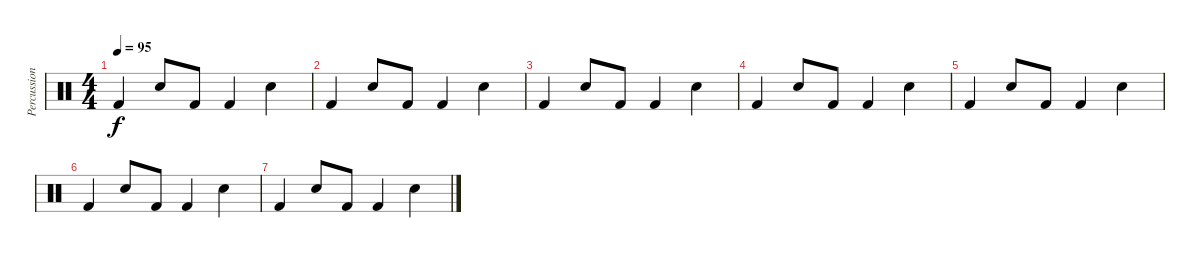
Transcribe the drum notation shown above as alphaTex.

\track ("Percussions" "Percussion") {instrument percussion}
\staff {score}
\articulation defaults
\ts (4 4)
\tempo 95
\clef neutral
\ks c "Kick (hit) 2".4{dy f} "Snare (hit) 2".8 "Kick (hit) 2".8 "Kick (hit) 2".4 "Snare (hit) 2".4
|
"Kick (hit) 2".4 "Snare (hit) 2".8 "Kick (hit) 2".8 "Kick (hit) 2".4 "Snare (hit) 2".4 |
"Kick (hit) 2".4 "Snare (hit) 2".8 "Kick (hit) 2".8 "Kick (hit) 2".4 "Snare (hit) 2".4 |
"Kick (hit) 2".4 "Snare (hit) 2".8 "Kick (hit) 2".8 "Kick (hit) 2".4 "Snare (hit) 2".4 |
"Kick (hit) 2".4 "Snare (hit) 2".8 "Kick (hit) 2".8 "Kick (hit) 2".4 "Snare (hit) 2".4 |
"Kick (hit) 2".4 "Snare (hit) 2".8 "Kick (hit) 2".8 "Kick (hit) 2".4 "Snare (hit) 2".4 |
"Kick (hit) 2".4 "Snare (hit) 2".8 "Kick (hit) 2".8 "Kick (hit) 2".4 "Snare (hit) 2".4

============

# DIRECTIONS
Verbatim output of the entries is required, with each image left out.

# RESPONSE AREA
Transcribe the drum notation shown above as alphaTex.

\track ("Percussions" "Percussion") {instrument percussion}
\staff {score}
\articulation defaults
\ts (4 4)
\tempo 95
\clef neutral
\ks c "Kick (hit) 2".4{dy f} "Snare (hit) 2".8 "Kick (hit) 2".8 "Kick (hit) 2".4 "Snare (hit) 2".4
|
"Kick (hit) 2".4 "Snare (hit) 2".8 "Kick (hit) 2".8 "Kick (hit) 2".4 "Snare (hit) 2".4 |
"Kick (hit) 2".4 "Snare (hit) 2".8 "Kick (hit) 2".8 "Kick (hit) 2".4 "Snare (hit) 2".4 |
"Kick (hit) 2".4 "Snare (hit) 2".8 "Kick (hit) 2".8 "Kick (hit) 2".4 "Snare (hit) 2".4 |
"Kick (hit) 2".4 "Snare (hit) 2".8 "Kick (hit) 2".8 "Kick (hit) 2".4 "Snare (hit) 2".4 |
"Kick (hit) 2".4 "Snare (hit) 2".8 "Kick (hit) 2".8 "Kick (hit) 2".4 "Snare (hit) 2".4 |
"Kick (hit) 2".4 "Snare (hit) 2".8 "Kick (hit) 2".8 "Kick (hit) 2".4 "Snare (hit) 2".4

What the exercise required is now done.